Endoscopic treatment appears to be effective in 56% of patients with post-LSG stenosis. Only one session of achalasia balloon dilatation is necessary in 73% of successful cases. Pneumatic balloon dilatation seems to be a safe procedure in this patient population. Surgical revision into a LRYGB offers good outcomes in patients that have failed three consecutive endoscopic treatments.

摘要

背景

腹腔镜袖状胃切除术(LSG)是目前全球最流行的减重手术。

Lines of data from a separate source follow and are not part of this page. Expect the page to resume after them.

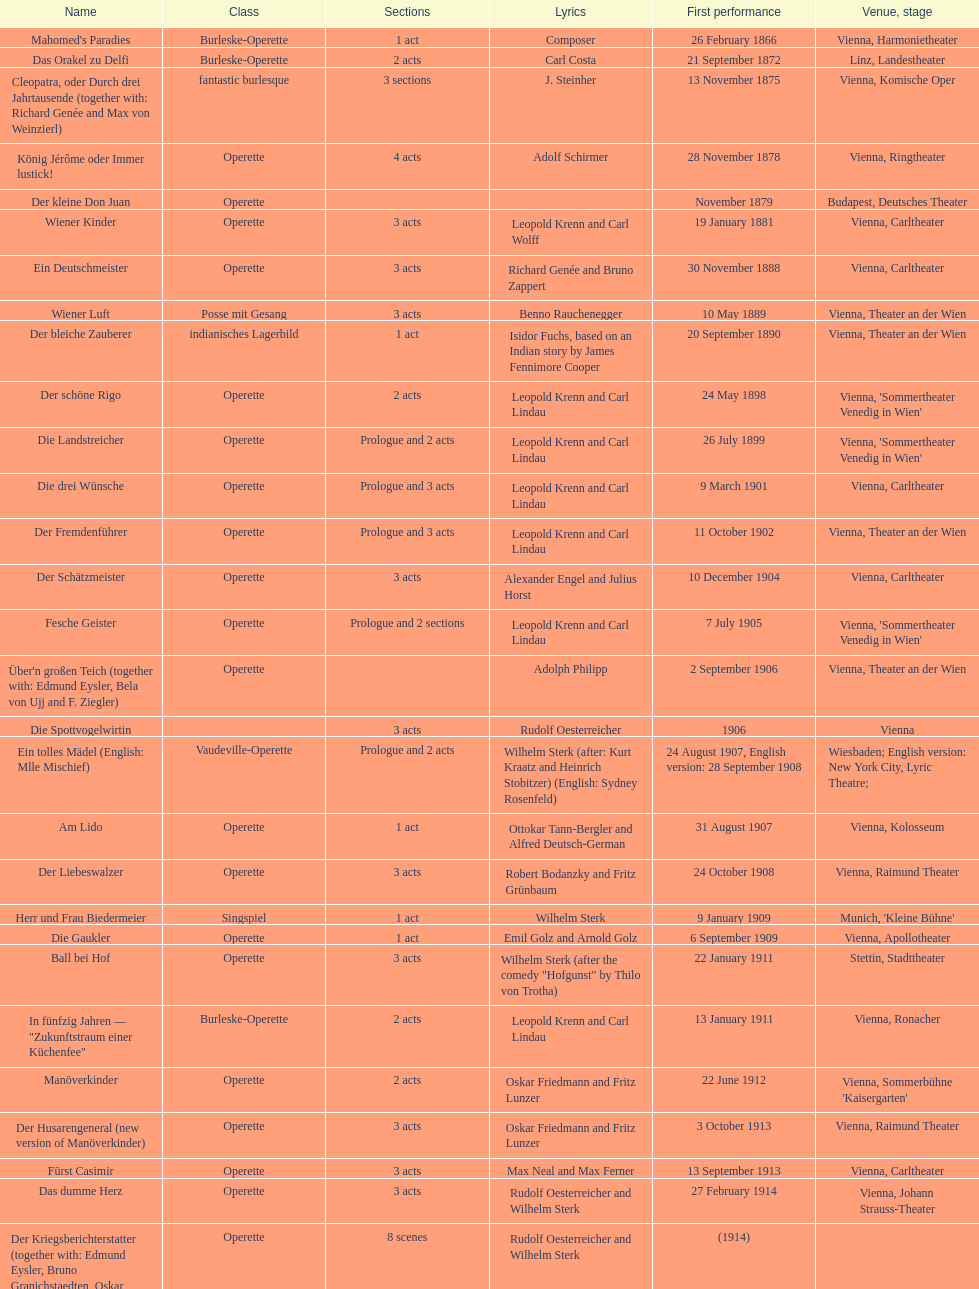How many of his operettas were 3 acts? 13. 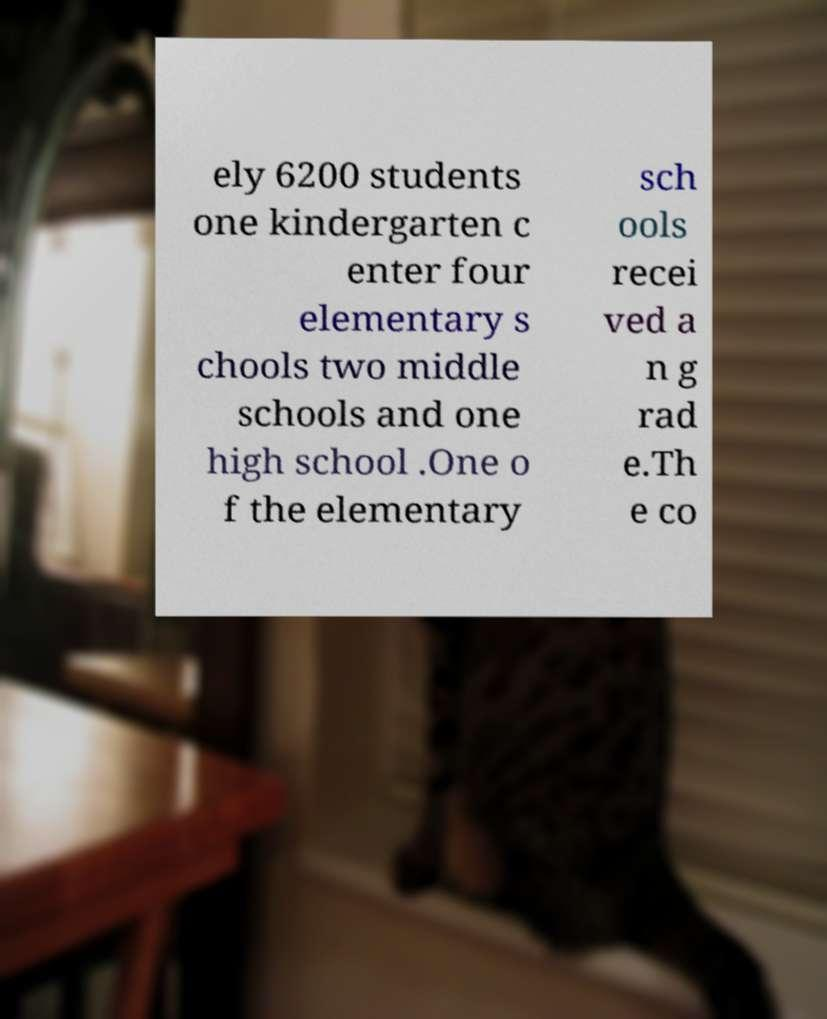Please read and relay the text visible in this image. What does it say? ely 6200 students one kindergarten c enter four elementary s chools two middle schools and one high school .One o f the elementary sch ools recei ved a n g rad e.Th e co 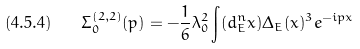<formula> <loc_0><loc_0><loc_500><loc_500>( 4 . 5 . 4 ) \quad \Sigma _ { 0 } ^ { ( 2 , 2 ) } ( p ) = - \frac { 1 } { 6 } \lambda _ { 0 } ^ { 2 } \int ( d _ { E } ^ { n } x ) \Delta _ { E } ( x ) ^ { 3 } e ^ { - i p x }</formula>

胃袖状狭窄是最常见的术后并发症,其发生率高达 3.9%。目前的治疗选择包括内镜治疗,如扩张和支架置入,以及手术修正,如腹腔镜 Roux-en-Y 胃旁路术(LRYGB)、楔形胃切除术或浆膜切开术。

方法

我们对 2014 年 1 月至 2017 年 2 月间前瞻性收集的治疗性内镜数据库进行了回顾性分析。我们纳入了所有 LSG 后出现轴向偏离或狭窄的病例,并进行了内镜治疗。同时伴有袖套漏的患者被排除在外。当需要时,内镜治疗在全身麻醉和透视辅助下进行。对难治性病例,我们进行了 CRE 球囊、贲门失弛缓症球囊(30-40mm)和全覆膜支架置入的序贯治疗。

结果

共进行了 1332 例 LSG。总体而言,27/1332 例(2%)患者发生胃狭窄。所有患者均出现角切迹处的轴向偏离,26%患者同时伴有近端狭窄。56%(15/27)的患者内镜治疗成功,73%的成功患者仅进行了一次扩张。所有成功的病例均进行了最多 3 次干预。失败的病例(44%)接受了 LRYGB。原发手术与狭窄诊断之间的平均时间为 10.3 个月。内镜治疗后的平均随访时间为 11.5 个月。唯一记录到的并发症是支架移位(3.7%)。

结论

内镜治疗在 LSG 后狭窄的患者中似乎有效,73%的成功病例仅需进行一次贲门失弛缓症球囊扩张。在这一患者人群中,气动球囊扩张似乎是一种安全的方法。对于连续 3 次内镜治疗失败的患者,手术修正为 LRYGB 可获得良好的结果。